Paradoxalement, la version de Danny Boyle, qui met quant à elle en scène Michael Fassbender, apparaît comme plus romancée malgré son lien avec la biographie officielle d'Isaacson. Le film se focalise sur trois lancements de produits phares d'Apple - le Macintosh en 84, NeXT en 88 et l'iMac en 98 - et propose « davantage une analyse du personnage qu'une biographie » selon le Wall Street Journal.

Le scénariste Aaron Sorkin, déjà à l'origine du script de The Social Network, s'est d'ailleurs toujours défendu d'avoir voulu écrire un biopic traditionnel. Une démarche qui semble se confirmer, notamment avec l'ajout de nombreux dialogues percutants mais fictifs, notamment entre Jobs et Wozniak.


Les critiques s'accordent enfin à dire que Steve Jobs n'est pas dépeint comme la plus sympathique des personnes, ce que Steve Wozniak confirme. « Il s'agit moins de le voir mal agir avec d'autres personnes, que de le voir se tenir là en se souciant moins des autres que de lui-même, et en ayant du mal à avoir des sentiments. »

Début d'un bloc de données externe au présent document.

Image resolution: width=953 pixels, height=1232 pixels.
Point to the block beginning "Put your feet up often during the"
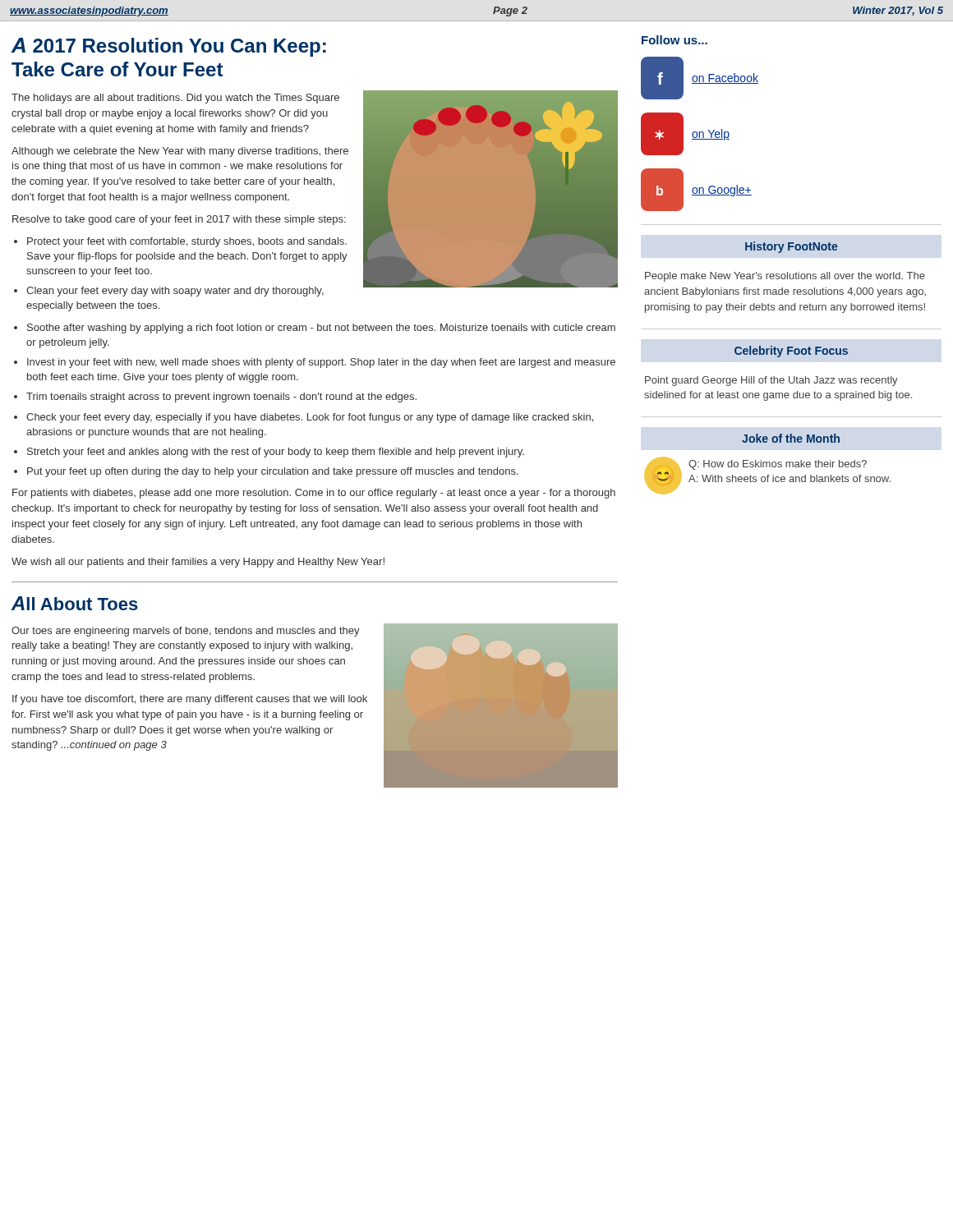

Pourtant, selon Fortune, « Le film travaille dur pour humaniser l'entrepreneur » en cherchant à justifier ses prises de décisions face à des problèmes constants, qu'ils soient personnels ou professionnels. « Tim Cook n'a vraiment rien à craindre, et Laurene Powell, qui s'oppose au projet depuis le début, non plus. » Le média encourage donc les détracteurs du film à le visionner avant d'en avoir une vision négative.

La sortie du film est prévue le 6 janvier 2016 en France.